Lecture 6, problem 6.7

My answer for this problem is 1 because a1=1, a2=3, a3=6, a4=1    in mod 7. Since 10=3·3+1, a10=a1=1.

The answer says that it should be 6, so I don't know which one is correct.

 
ProfessorAreteem的头像
Re: Math Challenge II-A Number Theory
ProfessorAreteem - 2019年07月9日 Tuesday 11:41
 
Note the repeating pattern of the values of $a_n \pmod{7}$ is not $1, 3, 6, 1, 3, 6, \dots$.
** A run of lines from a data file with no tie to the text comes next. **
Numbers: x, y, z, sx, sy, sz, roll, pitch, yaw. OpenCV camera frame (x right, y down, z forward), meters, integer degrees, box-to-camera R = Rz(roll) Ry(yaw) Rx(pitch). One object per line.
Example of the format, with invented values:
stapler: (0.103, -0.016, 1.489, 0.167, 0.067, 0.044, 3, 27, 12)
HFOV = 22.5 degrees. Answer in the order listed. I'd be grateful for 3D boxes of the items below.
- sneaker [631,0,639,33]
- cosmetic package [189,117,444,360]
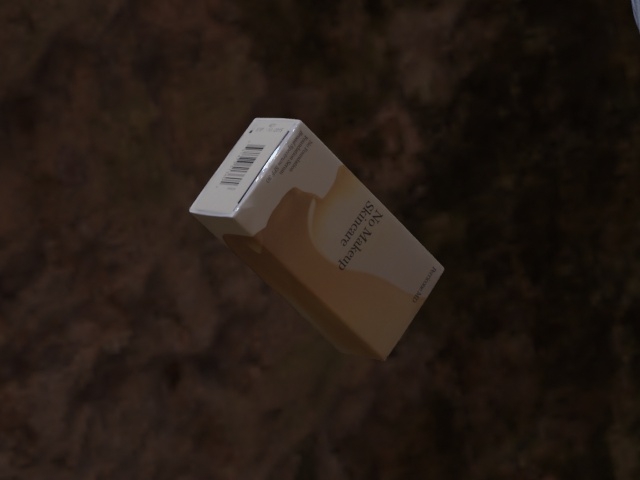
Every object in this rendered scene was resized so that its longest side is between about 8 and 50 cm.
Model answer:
sneaker: (0.234, -0.123, 1.007, 0.083, 0.071, 0.190, 69, -170, -80)
cosmetic package: (0.000, 0.000, 0.761, 0.115, 0.060, 0.041, 43, 161, -30)
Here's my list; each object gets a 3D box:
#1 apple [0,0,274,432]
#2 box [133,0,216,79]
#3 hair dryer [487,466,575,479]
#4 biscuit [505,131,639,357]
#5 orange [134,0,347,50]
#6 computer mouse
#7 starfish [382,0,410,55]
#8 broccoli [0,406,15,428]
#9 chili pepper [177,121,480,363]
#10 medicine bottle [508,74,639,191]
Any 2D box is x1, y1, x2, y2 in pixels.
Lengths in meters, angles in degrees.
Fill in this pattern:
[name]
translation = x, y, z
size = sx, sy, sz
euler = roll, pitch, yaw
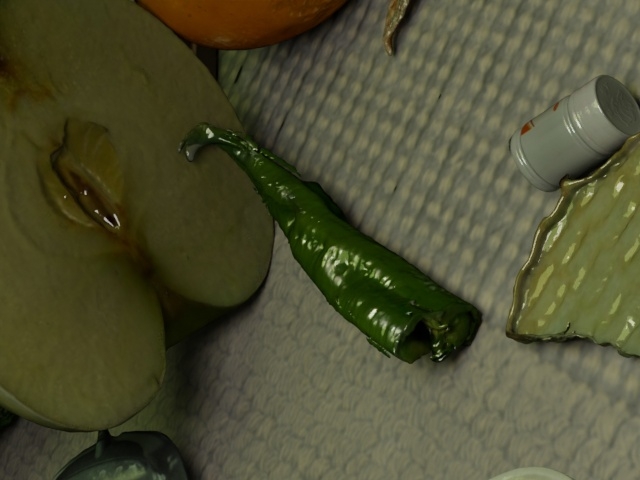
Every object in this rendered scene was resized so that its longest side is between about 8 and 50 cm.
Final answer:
[apple]
translation = -0.221, -0.043, 1.680
size = 0.311, 0.360, 0.320
euler = -33, 13, 4
[box]
translation = -0.201, -0.114, 1.972
size = 0.215, 0.086, 0.215
euler = -30, 50, 42
[hair dryer]
translation = 0.242, 0.151, 1.197
size = 0.362, 0.203, 0.128
euler = -49, 33, -3
[biscuit]
translation = 0.248, 0.005, 1.365
size = 0.273, 0.036, 0.187
euler = 13, 83, 55
[orange]
translation = -0.076, -0.295, 1.779
size = 0.246, 0.246, 0.246
euler = -29, 51, 42
[computer mouse]
translation = -0.169, 0.277, 1.708
size = 0.167, 0.090, 0.379
euler = -16, 57, 22
[starfish]
translation = 0.131, -0.291, 1.668
size = 0.231, 0.048, 0.295
euler = 27, 94, 55
[broccoli]
translation = -0.448, 0.115, 1.988
size = 0.321, 0.310, 0.413
euler = 53, 135, 38
[chili pepper]
translation = 0.000, 0.000, 1.632
size = 0.359, 0.085, 0.076
euler = 40, 148, 46
[medicine bottle]
translation = 0.192, -0.080, 1.465
size = 0.089, 0.057, 0.057
euler = -35, 47, 38
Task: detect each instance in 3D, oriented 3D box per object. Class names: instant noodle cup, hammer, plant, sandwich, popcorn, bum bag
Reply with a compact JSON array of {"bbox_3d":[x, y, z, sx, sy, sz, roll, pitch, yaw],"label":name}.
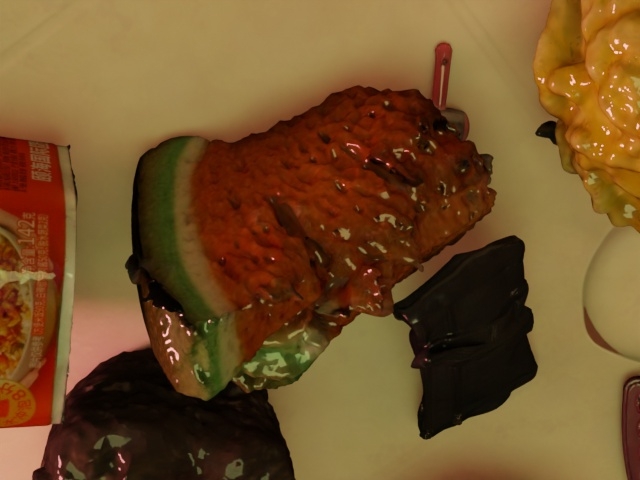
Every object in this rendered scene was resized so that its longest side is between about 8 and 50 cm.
[{"bbox_3d":[-0.348,0.027,1.446,0.308,0.294,0.294,3,114,-13],"label":"instant noodle cup"},{"bbox_3d":[0.097,-0.119,1.524,0.052,0.031,0.083,4,103,-5],"label":"hammer"},{"bbox_3d":[-0.130,0.235,1.511,0.213,0.312,0.215,9,116,-4],"label":"plant"},{"bbox_3d":[0.000,0.000,1.475,0.301,0.250,0.162,-22,130,-2],"label":"sandwich"},{"bbox_3d":[0.282,-0.118,1.445,0.249,0.249,0.225,29,138,-15],"label":"popcorn"},{"bbox_3d":[0.120,0.083,1.547,0.123,0.060,0.248,-32,155,-13],"label":"bum bag"}]

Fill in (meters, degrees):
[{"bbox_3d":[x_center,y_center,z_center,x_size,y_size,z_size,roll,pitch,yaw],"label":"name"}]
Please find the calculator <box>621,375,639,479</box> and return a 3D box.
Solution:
[{"bbox_3d":[0.361,0.164,1.661,0.190,0.034,0.126,-5,115,5],"label":"calculator"}]

$\pmod{7}$ the first few terms of the sequence are: $$a_1 = 1 \equiv 1, a_2 = 3^1 = 3 \equiv 3, a_3 = 3^3 = 27 \equiv 6, a_4 = 3^{27} = 7625597484987 \equiv 6, \dots$$

We can see, in fact, that $a_n \equiv 6 \pmod{7}$ for any $n > 2$:

First note that $3^6 \equiv 1 \pmod{7}$ (by Fermat's Little Theorem), and any power of $3$ is such that $3^n = 3 \pmod{6}$ (for $n \geq 1$). So for all $a_n$ with $n \geq 3$, it is true that $a_n = 3^{6k + 3}$, for some integer $k$ and thus $a_n \equiv \left(3^6\right)^k \times 3^3 \equiv 1 \times 6 \equiv 6 \pmod{7}$. In particular $a_{10} \equiv 6 \pmod{7}$.